I didn't have anything but my own mind and a notebook, so in particular, I found myself learning this game without using sticky notes - which are otherwise a ubiquitous tool I use when studying. On the flip side, the book is short, and the rules occupy only a small fraction of the book (with the rest being a bestiary and inventory and a reference of tables).
Ultimately it's simple enough that I eventually memorized some page numbers - I know, without even looking as I write this, that the mechanics of Risk and Checks are documented on page 26, because I still haven't internalized those rules yet, but I need them so often that the page is practically seared into my retinas.
Now that I've been home long enough to write this blog post, I also took a moment to pack some sticky notes in my bag. If I had to give any one piece of advice to anyone else picking this up, it's get some sticky notes for labeling pages, and dedicate a couple of pages in your journal to creating your own glossary and index. It would have made it so much easier to get started.
You're in the driver's seat.
I suppose this is a natural consequence of being as open-ended as it is, but this game doesn't really have any mechanics that force the game to move forward. If all you do is follow the steps and go, you're very unlikely to actually make something that seems like progress - you might check off resource boxes and roll dice, but they're completely meaningless without the narrative scaffolding, which you also need to sort out what happens next.
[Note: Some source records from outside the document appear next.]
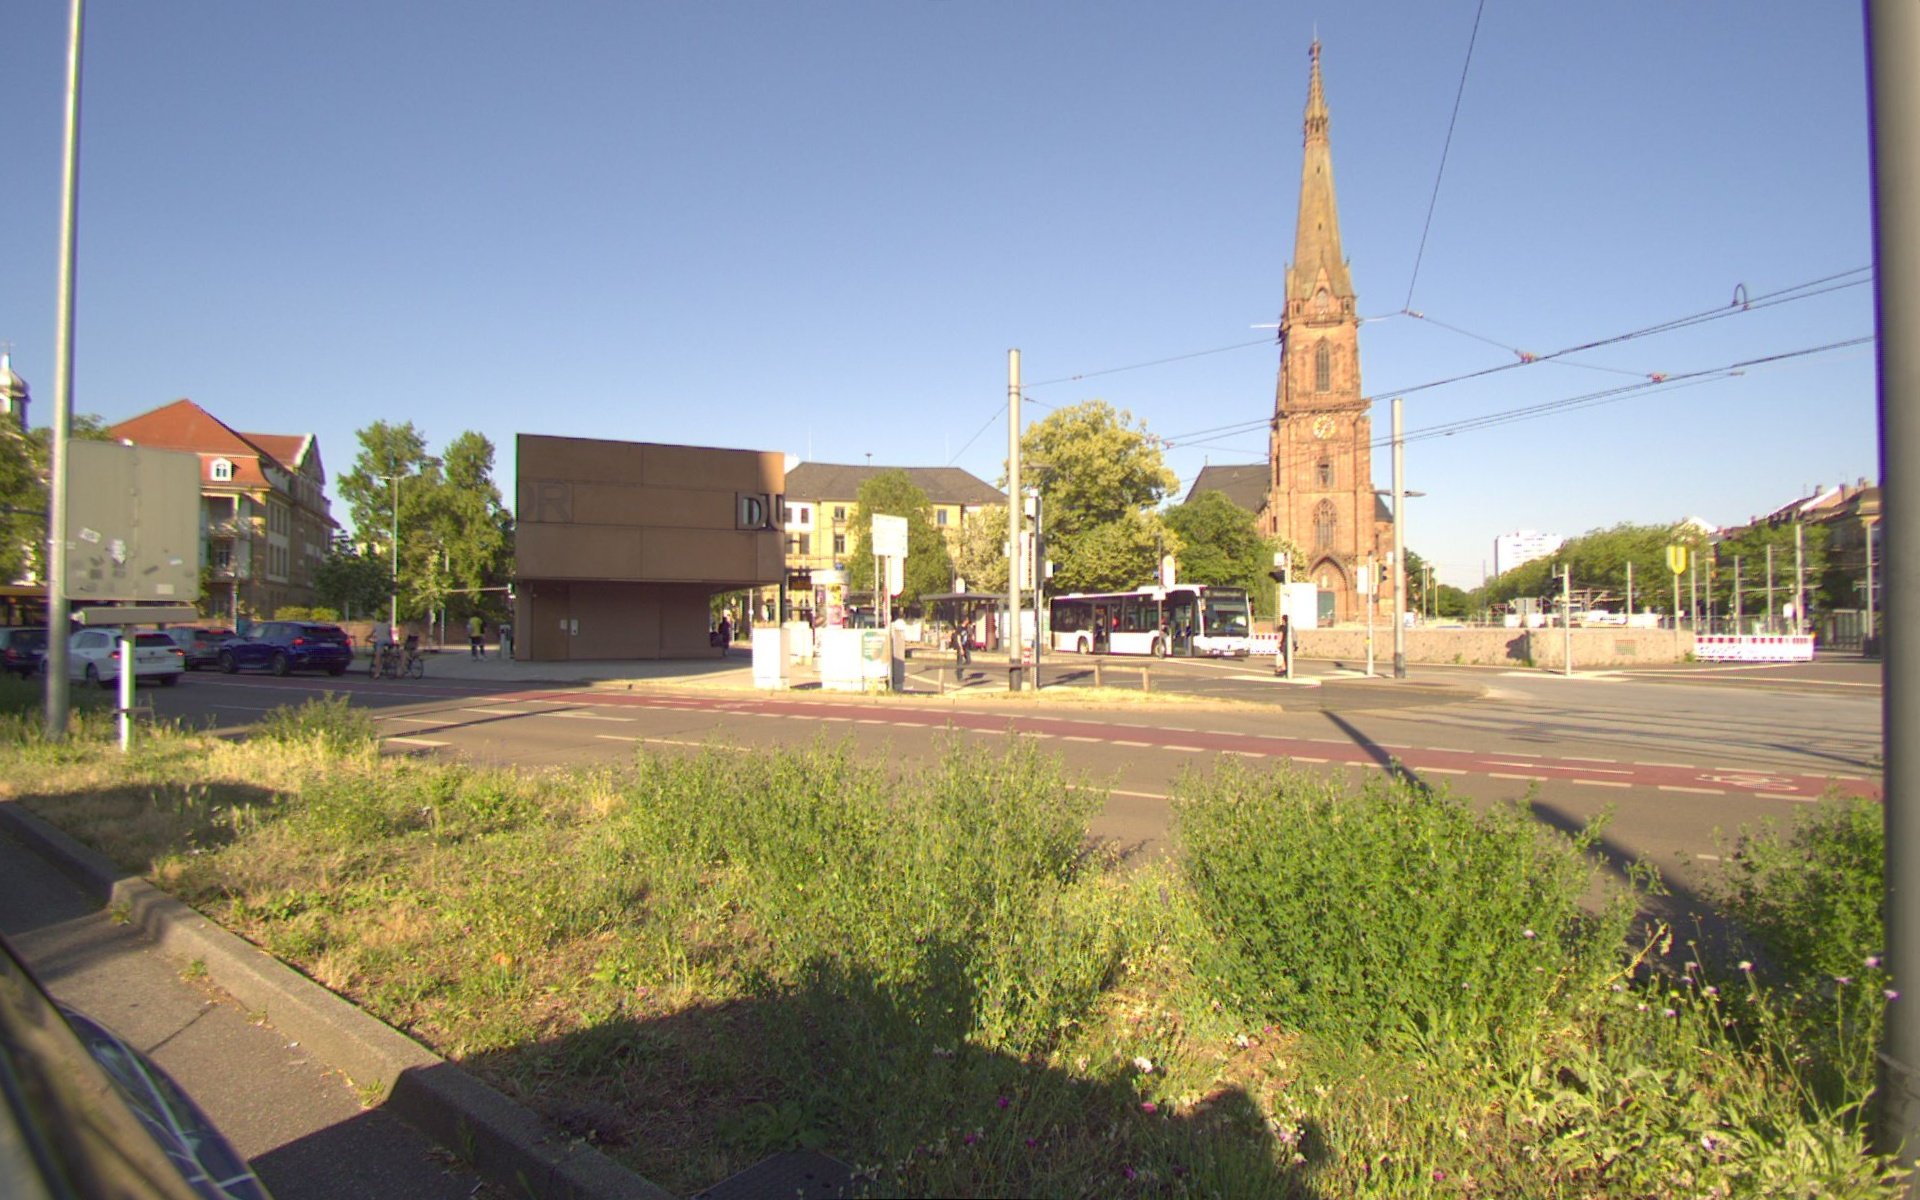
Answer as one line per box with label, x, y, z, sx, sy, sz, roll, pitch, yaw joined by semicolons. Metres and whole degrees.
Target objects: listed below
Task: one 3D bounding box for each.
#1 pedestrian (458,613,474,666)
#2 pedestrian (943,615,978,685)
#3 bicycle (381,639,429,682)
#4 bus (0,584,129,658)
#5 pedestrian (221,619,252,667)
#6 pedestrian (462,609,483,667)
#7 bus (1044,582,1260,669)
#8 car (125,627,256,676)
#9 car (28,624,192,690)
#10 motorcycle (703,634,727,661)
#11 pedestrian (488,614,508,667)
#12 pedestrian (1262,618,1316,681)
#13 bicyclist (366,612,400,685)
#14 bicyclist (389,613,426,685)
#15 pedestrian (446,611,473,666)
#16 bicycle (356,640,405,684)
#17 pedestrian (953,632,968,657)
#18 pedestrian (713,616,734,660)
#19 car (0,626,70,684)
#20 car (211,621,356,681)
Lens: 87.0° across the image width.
pedestrian;-19.322;1.522;39.582;0.460;2.029;0.658;-1;0;-32
pedestrian;0.006;1.280;26.366;0.702;1.771;0.584;-1;0;-30
bicycle;-16.028;1.742;29.226;1.388;1.201;0.461;-1;0;24
bus;-44.508;0.952;44.139;3.080;3.236;12.396;-1;0;35
pedestrian;-29.439;1.736;41.191;0.787;1.911;0.612;0;-2;-9
pedestrian;-17.542;1.357;36.403;0.645;2.029;0.470;-1;0;-29
bus;7.677;0.967;43.338;2.655;3.174;12.216;-1;0;-23
car;-25.213;1.656;33.143;4.375;1.503;1.831;-1;-4;30
car;-21.457;1.372;25.514;4.375;1.503;1.831;-1;0;30
motorcycle;-10.185;1.959;42.053;0.935;1.075;0.331;-1;0;-11
pedestrian;-18.059;1.582;39.571;0.645;2.029;0.470;-1;0;-29
pedestrian;9.242;1.358;28.445;1.025;1.696;1.007;-1;0;-25
bicyclist;-16.276;1.354;28.543;0.562;2.029;0.605;-1;-2;25
bicyclist;-15.930;1.397;29.174;0.705;2.029;0.605;-1;-2;25
pedestrian;-18.947;1.448;38.304;0.765;2.029;0.775;-1;0;-37
bicycle;-16.365;1.746;28.560;1.388;1.201;0.461;-1;0;24
pedestrian;0.026;2.193;49.984;0.531;1.196;0.660;-1;0;-21
pedestrian;-10.958;1.746;46.913;0.762;2.029;0.778;-1;0;-2
car;-26.879;1.505;28.545;4.179;1.471;1.736;-1;0;35
car;-20.145;1.472;30.123;4.166;1.703;1.741;-1;-1;26

This is a story you tell, not a story you merely experience. If you aren't telling a story, there's not much else there.
I plan on playing a few more campaigns after this one, but the one I've played to learn the game with definitely started that way, and it wasn't clear until I started just playing that there was even momentum.
I think if you think of each location the way a Monster of the Week episode of Star Trek or X-Files goes, it works pretty well. The overall narrative is light, what happens is very light and open ended, but what exists at the location is much more thoroughly set by the dice. You'll know if it's a Nevacrean Zealot or a swarm of Bugs; you'll know if the planet is hazardous or a playground. You put the detail in, but the scaffold is there to work with -- not entirely unlike the scaffolding that happens in the first handful of sentences after Captain Picard utters the words "Captain's log, stardate 1275347.5".
Finial Initial Thoughts
Given how many preconceptions I didn't realize I had, and how much different this game is than what I expected as a result, I think this has sort of broken my mental picture of what a single-player RPG is, and is like. Not in a bad way by any means, of course, I'm content saying that I am rather enjoying this so far. I have some background projects (a certain friend of mine will know, should they see this) where acquiring some more fluent writing skills would be beneficial, and this seems to be helping draw that out of me after I let my guard down a bit.
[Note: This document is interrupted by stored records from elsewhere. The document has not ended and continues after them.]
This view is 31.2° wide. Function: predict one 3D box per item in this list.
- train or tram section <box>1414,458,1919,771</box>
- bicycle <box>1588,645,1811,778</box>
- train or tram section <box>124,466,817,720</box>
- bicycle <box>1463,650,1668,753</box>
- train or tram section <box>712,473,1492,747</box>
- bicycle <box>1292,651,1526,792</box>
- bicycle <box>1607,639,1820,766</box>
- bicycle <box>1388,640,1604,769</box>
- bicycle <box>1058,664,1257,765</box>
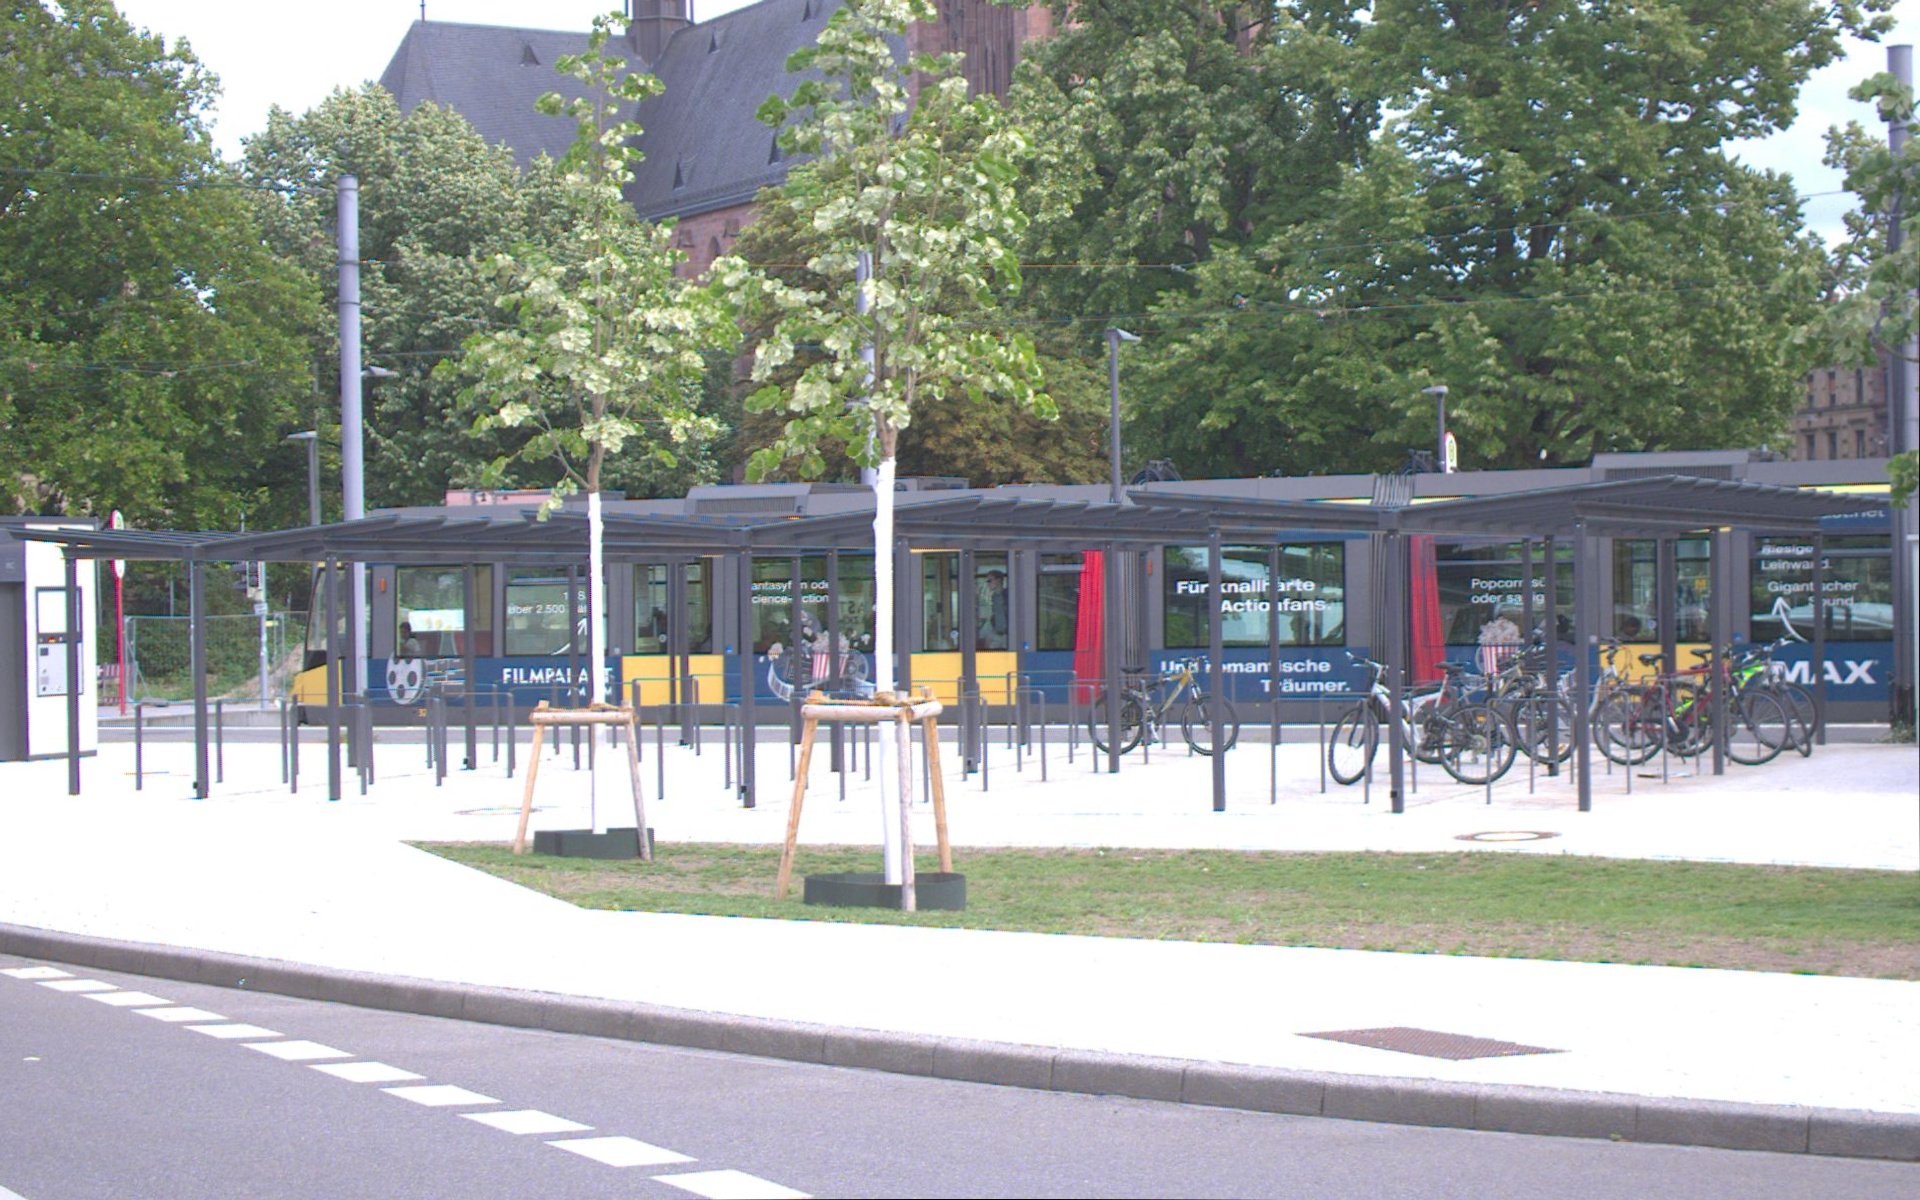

On the other hand, I am quite certain I will never publish the contents of a playthrough. It's too silly, it's too unstructured, it's lacking the interplay that playthroughts of TTRPGs with other people have. Adept Icarus' own playthrough that I linked earlier is three people contributing, even though it's a solo RPG, and they mentioned similarly that it wouldn't make for compelling watching.
But actually it's a little deeper than that. This game is something the author's foreward describes as being deeply personal; it approaches loneliness and mental health topics forwardly.